ふたりが持ち帰った情報を報告している間に、ハゲコウは道中イチジクに貰った果実を食べて体力を回復しておく。くちばしで噛むと弾力のある外皮が破れ、水気を含んだ果肉が溢れた。そうしているうちに、ふたりの報告が終わり、続いてハゲコウがブチハイエナに、クジャクを倒したことを報告した。
全てを聞き終わったブチハイエナは、
「なるほど」
と、言って、ふう、と息を吐いた。
「ハゲコウ。よくやってくれました」
ハゲコウは喜びと照れが入り混じったような「いえいえ」という言葉をこぼして、ピンク色の喉袋をぶらぶらと揺らす。ハゲコウは自分が神聖スキルを使ったことに関して説明を省いた。開始前の打ち合わせで、ブチハイエナは参加者全員に、神聖スキルについては王があけすけにしないよう言っていたことを理由に、もし持っていたとしても話さなくていい、むしろ黙っているように、そうして然るべき時を各自で判断して使うように言い渡していた。ハゲコウはこれに従ったのだった。
「オポッサム。ダチョウはどちらへ走っていきましたか」
ブチハイエナが聞くと「本拠地から南方向」と、返ってきた。南で監視の任についていたトムソンガゼルに「ダチョウを見ましたか」と質問が飛ぶ。
「いや。見てません。入れ違いになったのかも。でも聞いた感じだと、もう死体になってる可能性の方が高いかと」
「そうかもしれませんね。ハゲコウも見てませんか」
「はい。全く」と、ハゲコウが首を振る
本日の戦においてはたったひとり失うだけでも、計り知れない戦力の損失。しかし生死不明の仲間を探す余裕はない。

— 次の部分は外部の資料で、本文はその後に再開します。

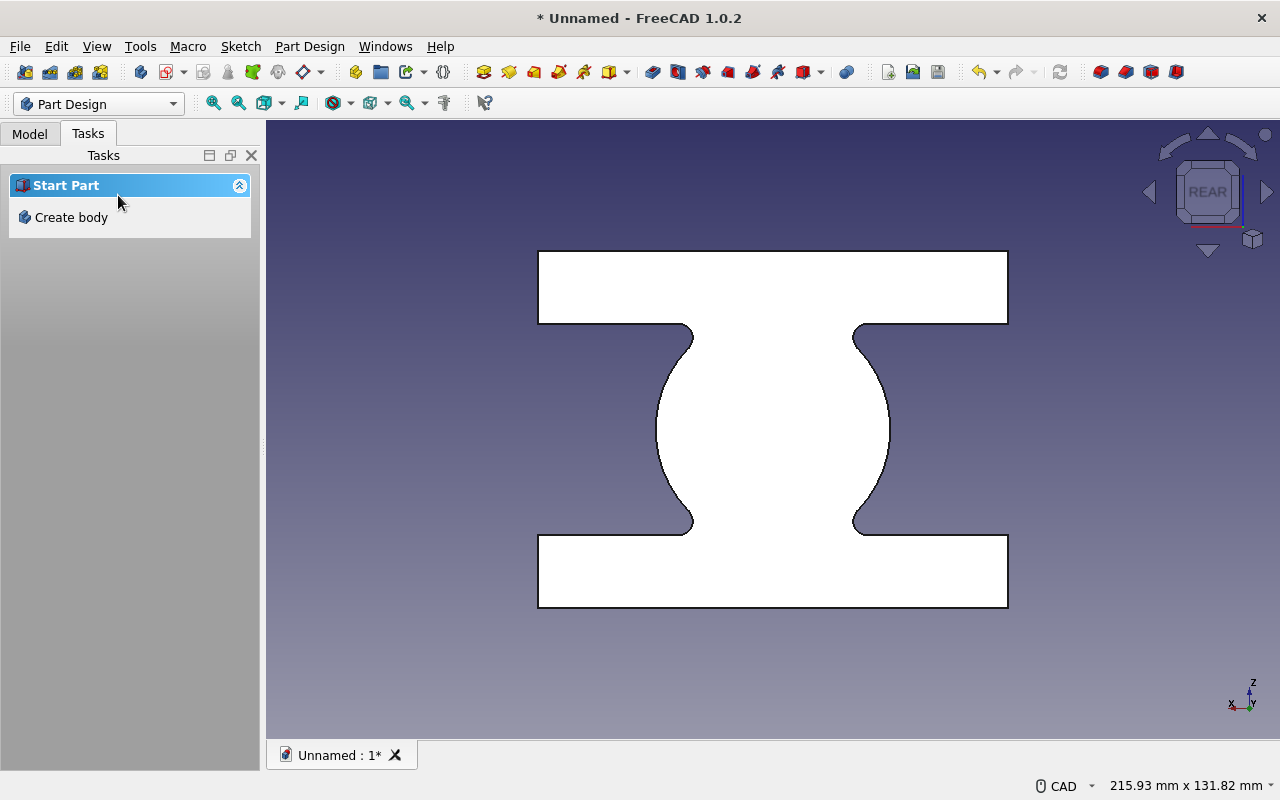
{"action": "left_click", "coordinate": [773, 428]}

ブチハイエナはまず、敵の動きへの対抗策を考える必要があった。
ダチョウとオポッサムが東で確認したイリエワニとスイセン、それからムササビ。ムササビはダチョウに取りついたままだとすると、今は南にいるはず。クジャクも東からやって来た。南を見張っていたトムソンガゼルが南西方向から進攻してくるドール、ユキヒョウ、ブラックバックの姿を確認。バラバラに進攻してきているが、それぞれの距離はそれほど離れていなかったという。北を見張っていたフラミンゴが北西方向のかなり遠方に、ウマグマの姿を確認。西の監視をしていたシマウマが同様に、西方向の南北で起こっている敵の動きを察知して、それを報告しに戻ってきている。シマウマと交代して、西では今はヌーが見張りを行っている。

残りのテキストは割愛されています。